Are app owners assigned? Owner list.
Are users and groups reviewed? App access review.
Is admin consent controlled? Consent policy settings.

10. Service Accounts and Non-Human Identities

Service accounts are easy to forget. They may power automations, integrations, scripts, monitoring tools, APIs, and legacy workflows.

Audit Question Evidence to Request
Are service accounts inventoried? Service account register.
Does each service account have an owner? Owner field.
Are permissions least privilege? Permission review.
Are secrets rotated? Rotation record.
Are service account activities logged? Log sample.

Practical rule: Every non-human identity should have a human owner.

11. Device-Based Access

Cloud access is not only about usernames and passwords. The device matters too.

Audit Question Evidence to Request
Are device compliance rules defined? Intune or MDM policy.
Are unmanaged devices restricted? Conditional Access setting.
Are devices encrypted? Device compliance report.
Are inactive devices removed? Device cleanup record.
Are admin actions restricted to trusted devices? Conditional Access rule.

12. Cloud Admin Access Beyond Microsoft

If your company uses AWS, Azure, GCP, GitHub, Datadog, Salesforce, or other SaaS tools, internal audit should test how cloud access is governed outside Microsoft 365 too.

Audit Question Evidence to Request
Which cloud platforms are in scope? Cloud system inventory.
Is SSO enforced? SSO configuration.
Are local admin accounts limited? Local account list.
Are API keys and tokens managed? Secrets inventory.
Are admin actions logged? Audit log sample.

Part 4: Internal Audit Evidence Checklist

A good internal audit should end with evidence, findings, and corrective actions.

Evidence Pack What to Include
Entra ID MFA MFA report, Conditional Access policies, exception records.
Privileged Access Admin role export, PIM evidence, access review.
Guest Access Guest export, guest policy, review record.
SharePoint / OneDrive Site inventory, sharing settings, permission review.
Audit Logs Log settings, retention proof, alert samples.
Enterprise Apps App inventory, owners, app access review.
Corrective Actions Finding log, owners, due dates, closure evidence.

Finding Register Example

Finding Risk Owner Priority Evidence Needed
Too many Global Administrators Excessive privileged access IT Lead High Role reduction and access review.
Guest users not reviewed Former external users may retain access Site Owners High Guest review and removals.
SharePoint anonymous links allowed Sensitive data may be overshared M365 Admin High Sharing policy update.
Service accounts lack owners Unmanaged access risk IT / DevOps Medium Service account register.
SaaS apps outside SSO Offboarding may be incomplete IT Lead High SSO enforcement plan.

Internal Audit Interview Questions

Use these questions with IT, security, operations, and system owners.

For IT / Microsoft 365 Admins

How do you know MFA is enforced? Who reviews Conditional Access policies? How many Global Administrators exist? How are break-glass accounts protected?

For Security or Compliance

Which Microsoft 365 logs are reviewed? How are risky sign-ins investigated? Where is evidence stored? How are findings tracked?

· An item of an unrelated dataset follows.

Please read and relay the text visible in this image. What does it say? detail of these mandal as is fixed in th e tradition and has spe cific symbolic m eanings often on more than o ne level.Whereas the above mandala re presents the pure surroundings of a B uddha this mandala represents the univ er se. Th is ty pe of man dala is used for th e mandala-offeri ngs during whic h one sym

For SharePoint / Site Owners

Which sites contain sensitive data? Who owns the site? Who can share externally? Are guests still needed? Are permissions reviewed?

For Cloud and SaaS Owners

Which SaaS apps use Entra ID SSO? Which apps still allow local login? Who owns each app? Are API tokens tracked?

Common Mistakes to Avoid

  • Mistake 1: Only auditing Microsoft 365 licenses. Licensing does not prove access control. Review permissions, logs, policies, and evidence.
  • Mistake 2: Ignoring guest users. Guest access is one of the fastest ways for access risk to grow quietly.
  • Mistake 3: Treating MFA as the whole control. MFA matters, but so do Conditional Access, privileged roles, device trust, and monitoring.
  • Mistake 4: Not reviewing SharePoint permissions. Sensitive files often live in SharePoint. If site access is messy, the audit will find it.
  • Mistake 5: Forgetting service accounts. Non-human identities can carry serious access risk. They need owners, permissions, rotation, and review.
  • Mistake 6: Assuming offboarding is complete after disabling email. Offboarding must cover Microsoft 365, Entra ID, SaaS apps, cloud consoles, API tokens, and guest accounts.
  • Mistake 7: Collecting logs but not reviewing them. Logs without review are weak evidence. Internal audit should test whether alerts become action.

What Good Looks Like

A strong internal audit can show that:

  • MFA is enforced
  • Conditional Access is reviewed
  • admin roles are limited
  • break-glass accounts are controlled
  • guest users are reviewed
  • sensitive SharePoint sites have owners
  • external sharing is controlled
  • Teams access is governed
  • mail forwarding is monitored
  • audit logs are retained
  • SaaS apps are inventoried
  • service accounts have owners
  • findings are tracked to closure

The goal is not to prove every Microsoft setting is perfect. The goal is to prove that access is governed, reviewed, monitored, and improved.

Takeaway

Microsoft 365, Entra ID, and cloud access should be part of every serious internal audit.

  • Start with identity.
  • Review MFA and Conditional Access.
  • Test privileged roles.
  • Check guest users.
  • Review SharePoint and Teams access.
  • Confirm email security.
  • Verify audit logging.
  • Review enterprise apps and service accounts.
  • Extend the review to non-Microsoft cloud systems.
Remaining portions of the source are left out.